Yet another WORLD-based UTAU resampler.
You need to have Python installed. This was made using Python 3.8.10.
You must install the needed libraries first, which are numpy, scipy, resampy, and pyworld. To do that, you may run a regular pip installation:
pip install numpy scipy resampy pyworld
Download the straycat.py
file and put it somewhere. Open your .ust
file as a text file with whichever text editor. Change the Tool2
resampler to the path of straycat.py
. You can now open the .ust
and use straycat.py
as a resampler. You may need to press cancel for the project properties when UTAU shows the project properties panel.
Most resamplers can take arguments to render a sample. This resampler only reads the terminal arguments.
usage: straycat in_file out_file pitch velocity [flags] [offset] [length] [consonant] [cutoff] [volume] [modulation] [tempo] [pitch_string]
Resamples using the WORLD Vocoder.
arguments:
in_file Path to input file.
out_file Path to output file.
pitch The pitch to render on.
velocity The consonant velocity of the render.
optional arguments:
flags The flags of the render.
offset The offset from the start of the render area of the sample. (default: 0)
length The length of the stretched area in milliseconds. (default: 1000)
consonant The unstretched area of the render in milliseconds. (default: 0)

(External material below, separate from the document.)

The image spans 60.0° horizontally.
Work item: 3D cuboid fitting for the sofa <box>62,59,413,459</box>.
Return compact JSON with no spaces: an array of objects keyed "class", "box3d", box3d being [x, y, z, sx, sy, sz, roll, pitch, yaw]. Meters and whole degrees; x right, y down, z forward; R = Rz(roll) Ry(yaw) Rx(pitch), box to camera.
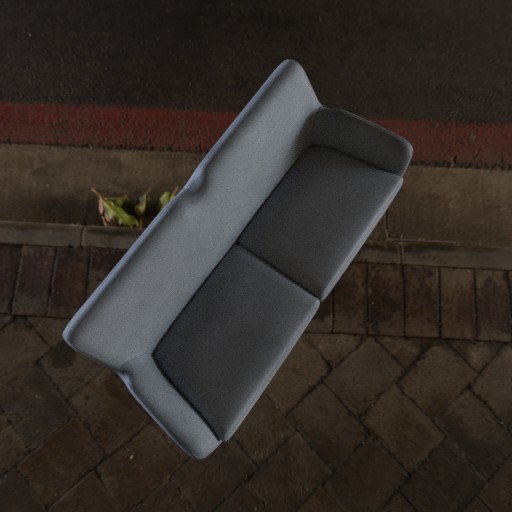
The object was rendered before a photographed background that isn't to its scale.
[{"class":"sofa","box3d":[0.000,0.000,2.320,0.850,0.810,1.870,35,78,8]}]

cutoff The cutoff from the end or from the offset for the render area of the sample. (default: 0)
volume The volume of the render in percentage. (default: 100)
modulation The pitch modulation of the render in percentage. (default: 0)
tempo The tempo of the render. Needs to have a ! at the start. (default: !100)
pitch_string The UTAU pitchbend parameter written in Base64 with RLE encoding. (default: AA)
This is the main documentation of the flags available in straycat.
Fake vocal fry flag (and glottal stop flag).
fe(-inf, +inf) is the main flag to enable this feature. fe is the length of the vocal fry in milliseconds. It adds the vocal fry so that the end of it is at the consonant point of the oto.
fo(-inf, +inf) is the offset of the vocal fry in milliseconds. Negative values move it earlier. Default is 0.
fl[1, +inf) is the length of the transition to vocal fry in milliseconds. Default is 75.
fv[0, 100] is the volume of the vocal fry in percentage. Default is 10. Turning it into 0 makes a glottal stop.
fp[0, +inf) is the pitch of the vocal fry. This is written in Hz. Default is 71.
Flag for fixing voicing.
ve(-inf, +inf) is the main flag to enable this feature. ve is the length of the transition from voiced to unvoiced centered at the consonant point. Positive values make the area after the consonant unvoiced and negative values make the area before the consonant unvoiced.
vo(-inf, +inf) is the offset of the transition from the consonant in milliseconds. Negative values move it earlier. Default is 0.
Breathiness flag. Values lower than 50 lowers breathiness, but it does not have much effect. Values higher than 50 mixes an unvoiced render in, with 100 as being only the unvoiced render. Default is 50.
Peak normalization flag. This flag normalizes the sample to have the same peak volume for each note. At 0, this flag does not touch the volume of the render at all. Default is 100.
Tremolo flag. This flag tries to isolate the vibrato from the pitchbend and modulates the volume based on this isolated vibrato, which means it may also react on drawn vibrato and more. Default is 0. This flag is applied after the peak normalization flag, so it may cause clipping issues.
Pitch offset flag. One unit in this flag is a cent offset. It offsets the whole note so it might result in bad crossfades for VCV voicebanks. Default is 0
Max aperiodicity flag. This mixes in a max aperiodicity which kind of sounds like a weird whisper scream at lower frequencies. This is only experimental.
Force feature rerendering. This rerenders the cached file straycat reads which is the .sc.npz
file. It is a regular Numpy compressed array file.
This resampler is very slow considering it's written in pure Python. It would actually be pretty fast if it wasn't for Python's packages basically having so much stuff that it makes load times way slower. Python's nature of being an interpreted language might also be a big bottleneck, but Python itself has been considerably fast for me. This is just one of those cases... I could technically speed it up by doing an UTAU specific hack, but it might not work with OpenUtau anymore after this.
I don't want to beat myself down that much for this but the slow speed very much ensures complete compatibility to both OpenUtau and classic UTAU. I guess you could say this would be a resampler in the olden days of single-thread resampling. The new Ameya resamplers are fast because of multiprocessing, and the other WORLD-based resamplers are fast because of their compiled nature. This resampler will always underperform because of Python's interpreted nature. Python was made for scripting after all, as much as so many AI models rely heavily on it.